We disagree, however, with plaintiff's reliance upon Azure v. City of Billings (1979), 182 Mont. 234, 240-241, 596 P.2d 460, 464, for the proposition that such a demonstration is all that is necessary in order to hold Havre Distributors, Inc., negligent per *222 se. It is axiomatic that in order to hold a party negligent per se for a violation of statute, a plaintiff must demonstrate that such violation constituted the proximate cause of the injury received and the resulting damages. See, Azure, 182 Mont. at 240, 596 P.2d at 464; Kudrna v. Comet Corp. (1977), 175 Mont. 29, 39, 572 P.2d 183, 189.

Plaintiff argues that the illegal parking of the truck could have been a proximate cause of the accident since she may have already been across the intersection had she not been required to detour around the vehicle. Alternatively, she contends that the jury could reasonably conclude that if the beer truck was not protruding into the outer driving lane, Neiman would have recognized that the vehicle in the right hand lane was stopped for some other purpose, such as a pedestrian. There is conflicting evidence in the record as to where the delivery truck was parked, how far into the traffic lane and into the crosswalk it extended, and as to whether the truck's position could have been a proximate cause of the accident. A genuine issue of material fact exists here.

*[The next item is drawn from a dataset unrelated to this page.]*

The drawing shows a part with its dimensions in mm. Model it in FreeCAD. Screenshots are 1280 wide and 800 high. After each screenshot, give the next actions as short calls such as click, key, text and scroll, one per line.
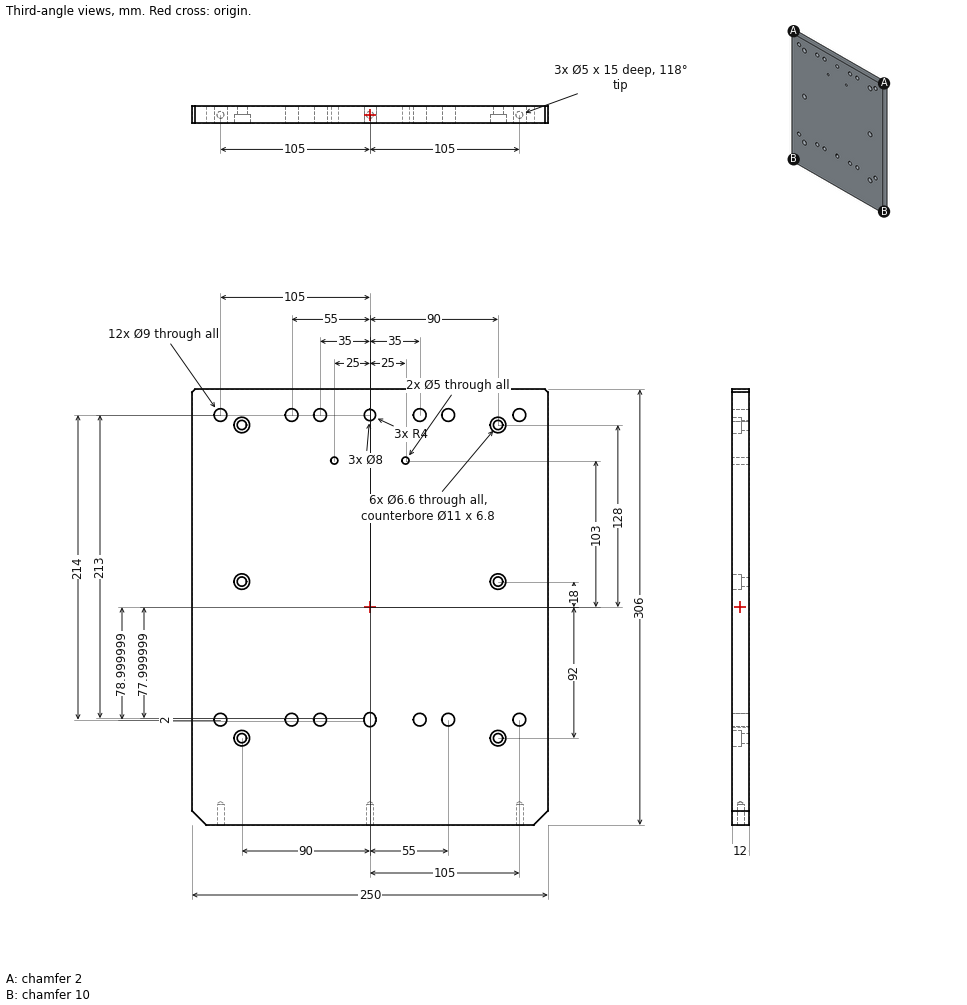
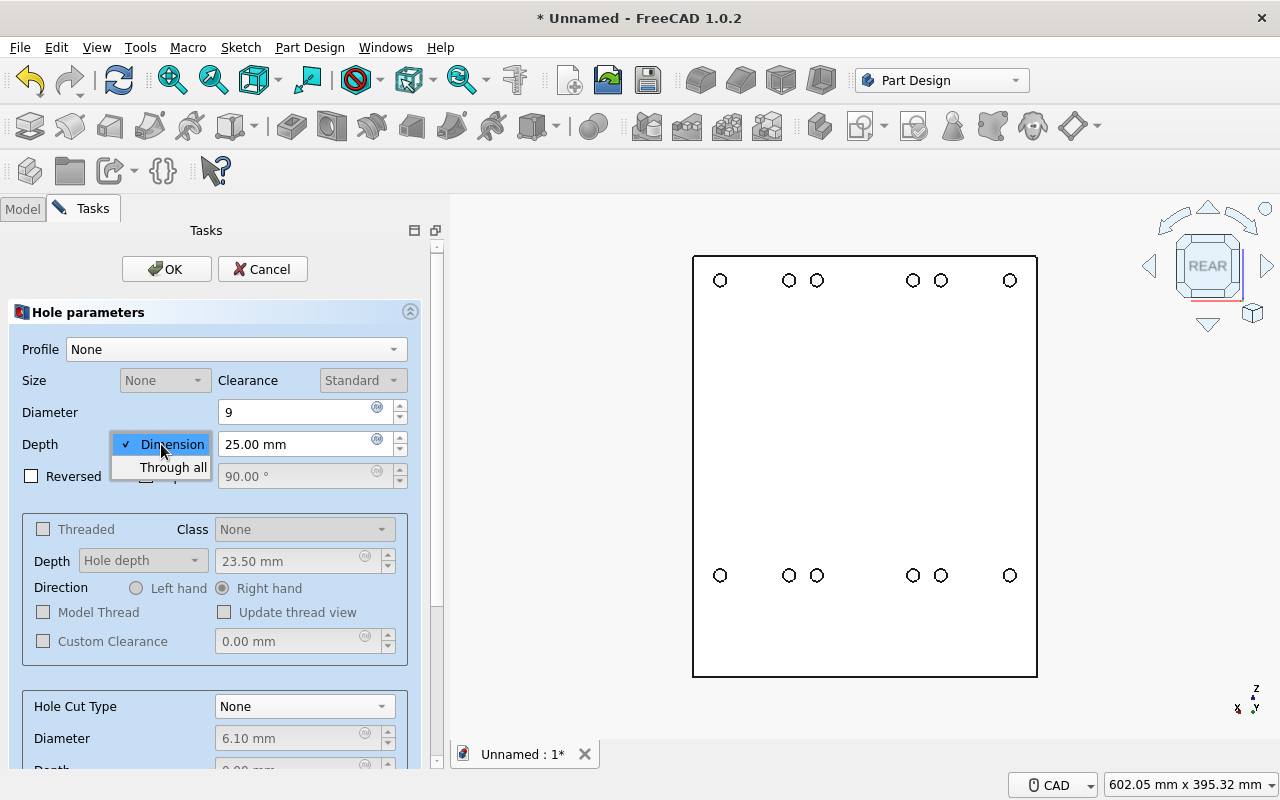
click(160, 468)

Ordinarily, issues of negligence are not susceptible to summary judgment and are better determined at trial. Brown v. Merrill Lynch, Pierce, Fenner & Smith, Inc. (1982), Mont., 640 P.2d 453, 458, 39 St.Rep. 305, 310. Liability should not be adjudicated upon a motion for summary judgment where factual issues concerning negligence and causation are presented. Duchesneau v. Silver Bow County (1971), 158 Mont. 369, 377, 492 P.2d 926, 931. Further, where, as here, two defendants are involved, summary judgment granted in favor of one allows the remaining defendant to introduce evidence that tends to shift blame for the accident to one no longer a party to the action.

The summary judgment is vacated and the cause remanded to the District Court for further proceedings.

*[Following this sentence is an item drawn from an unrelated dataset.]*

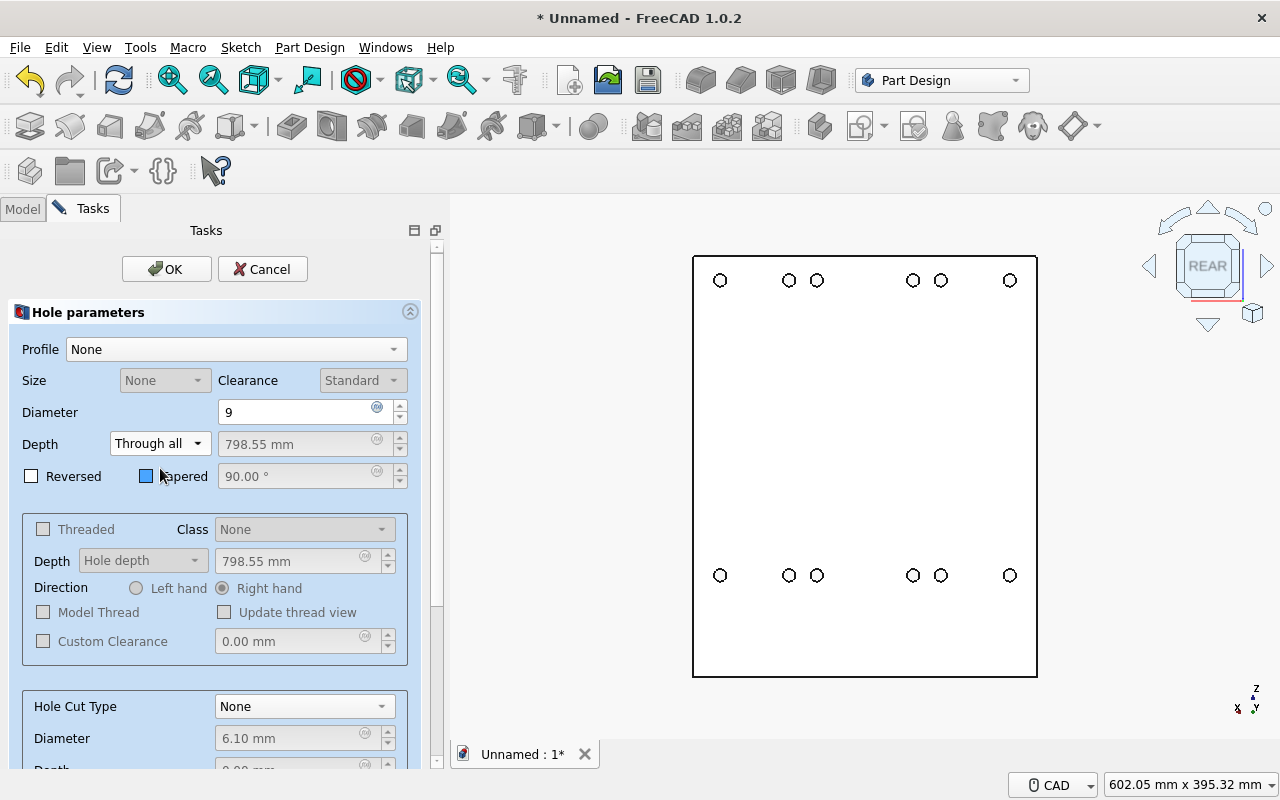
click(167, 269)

HARRISON and SHEEHY, JJ., concur.

MORRISON, Justice, specially concurring.

I concur in the result but not in all that is said in the majority opinion.

Specifically, I take issue with that portion of the majority opinion wherein it is stated:

"Further, where, as here, two defendants are involved, summary judgment granted in favor of one allows the remaining defendant to introduce evidence that tends to shift blame for the accident to one no longer a party to the action."

This is no reason to refuse summary judgment against the defendant not at fault.

The majority opinion seems to take the position that summary judgment will never be granted in favor of one defendant, where there are multiple defendants, for the reason that the remaining defendants can shift the blame for the accident to one who is no longer a party to the action. Of course, if those defendants remaining in the case attempted to shift blame to a defendant in favor of whom summary judgment had been entered, the plaintiff could then reply by showing that the court had absolved the absent defendant. Nevertheless, the trial strategy of the parties is not relevant to a determination of whether there is a genuine issue of material fact foreclosing the entry of summary judgment. The only determination in this case is whether a jury issue exists with respect to the defendant. If no jury issue exists then summary judgment should be granted irrespective of what the remaining defendant argues at trial.

Here there is a genuine issue of material fact on negligence and causation which forecloses the granting of summary judgment. Therefore, the case is properly remanded for trial.

SHEA, J., joins in the special concurrence of MORRISON, J.